━━━━━ INFORMATION SUPPLIED

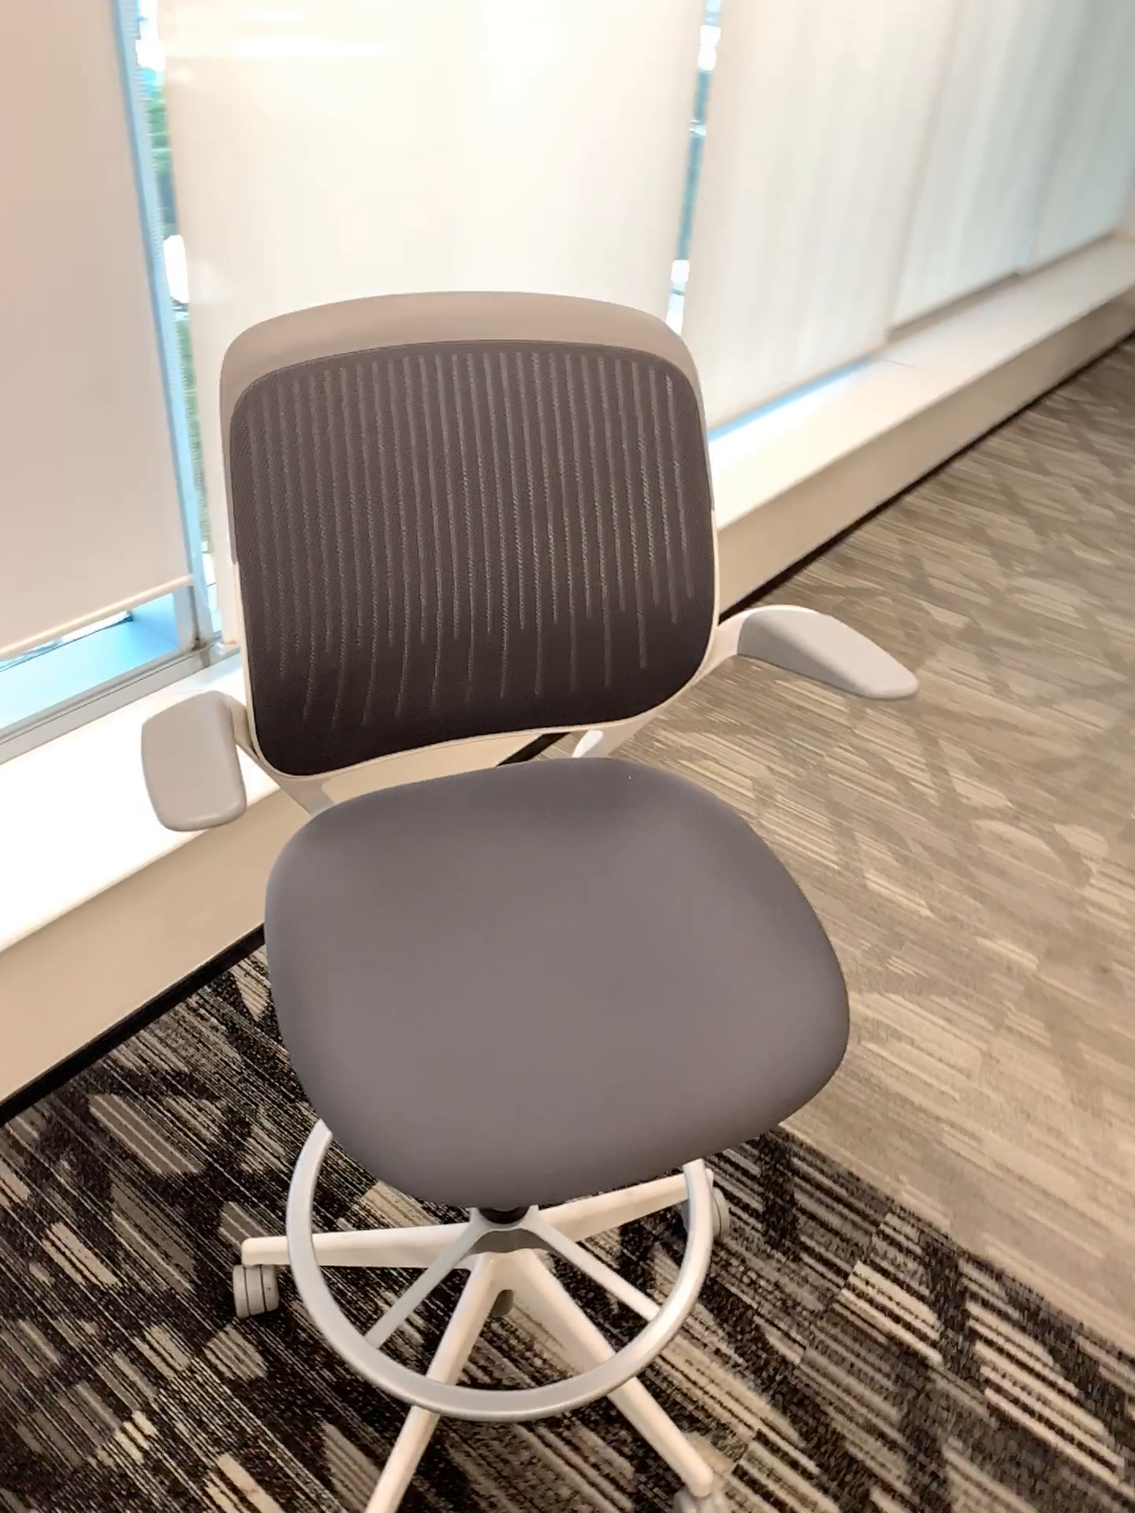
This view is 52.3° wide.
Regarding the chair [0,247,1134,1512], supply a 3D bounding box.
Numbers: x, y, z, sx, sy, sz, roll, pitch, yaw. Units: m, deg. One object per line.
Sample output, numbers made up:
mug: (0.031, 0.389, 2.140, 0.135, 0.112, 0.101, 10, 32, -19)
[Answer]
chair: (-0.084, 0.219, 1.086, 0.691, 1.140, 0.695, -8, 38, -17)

━━━━━━━━━━
━━━━━ INFORMATION SUPPLIED

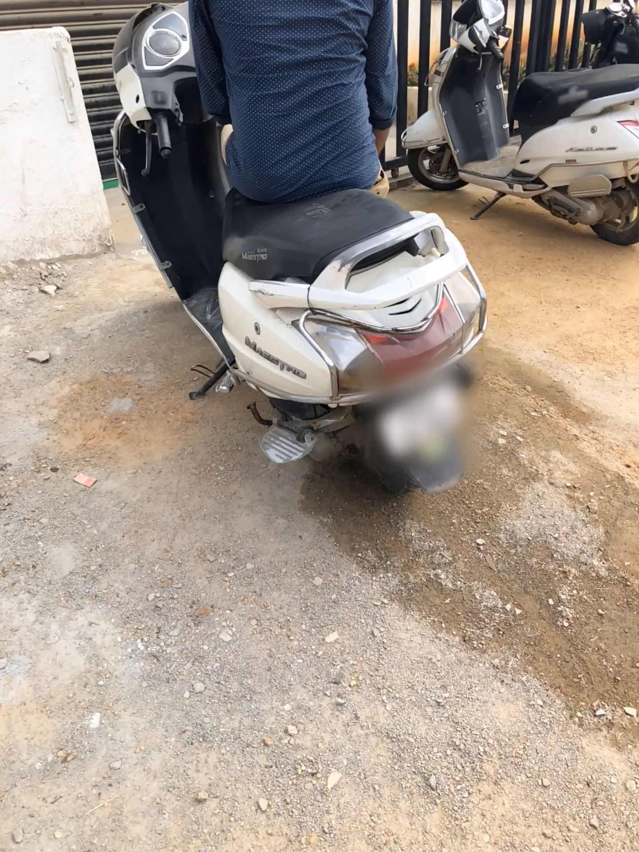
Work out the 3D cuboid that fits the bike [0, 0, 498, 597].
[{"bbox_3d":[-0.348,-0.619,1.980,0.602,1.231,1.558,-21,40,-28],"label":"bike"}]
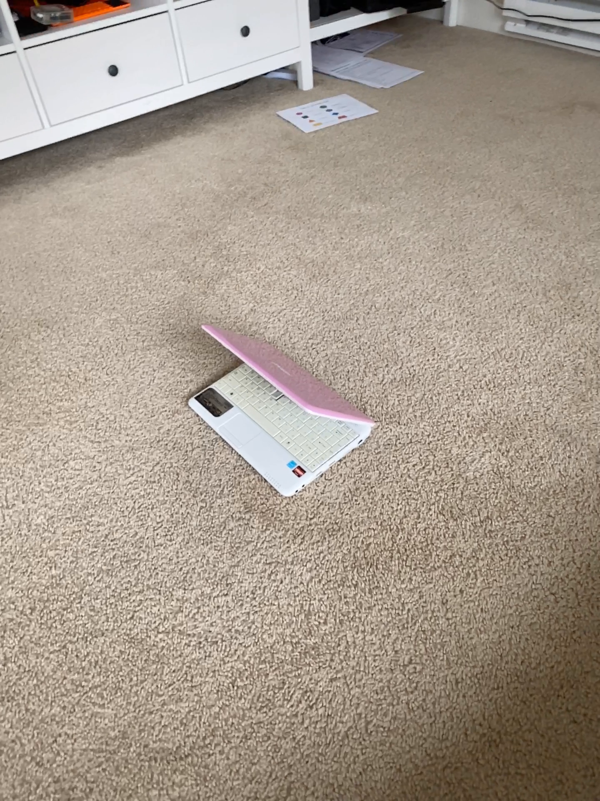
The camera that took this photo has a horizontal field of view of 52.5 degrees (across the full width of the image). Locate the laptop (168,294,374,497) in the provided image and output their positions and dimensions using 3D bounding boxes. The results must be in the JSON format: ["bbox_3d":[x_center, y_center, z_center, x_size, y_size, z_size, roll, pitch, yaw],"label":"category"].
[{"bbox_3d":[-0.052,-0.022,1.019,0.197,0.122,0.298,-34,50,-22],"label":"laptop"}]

━━━━━━━━━━

▶ PROBLEM DETAILS
In the data above, which lines lie between the line with "This view is 52.3° wide." and the line with "mug: (0.031, 0.389, 2.140, 0.135, 0.112, 0.101, 10, 32, -19)", inclusive? Print those lines exactly and nothing else.

▶ TASK ANSWER
This view is 52.3° wide.
Regarding the chair [0,247,1134,1512], supply a 3D bounding box.
Numbers: x, y, z, sx, sy, sz, roll, pitch, yaw. Units: m, deg. One object per line.
Sample output, numbers made up:
mug: (0.031, 0.389, 2.140, 0.135, 0.112, 0.101, 10, 32, -19)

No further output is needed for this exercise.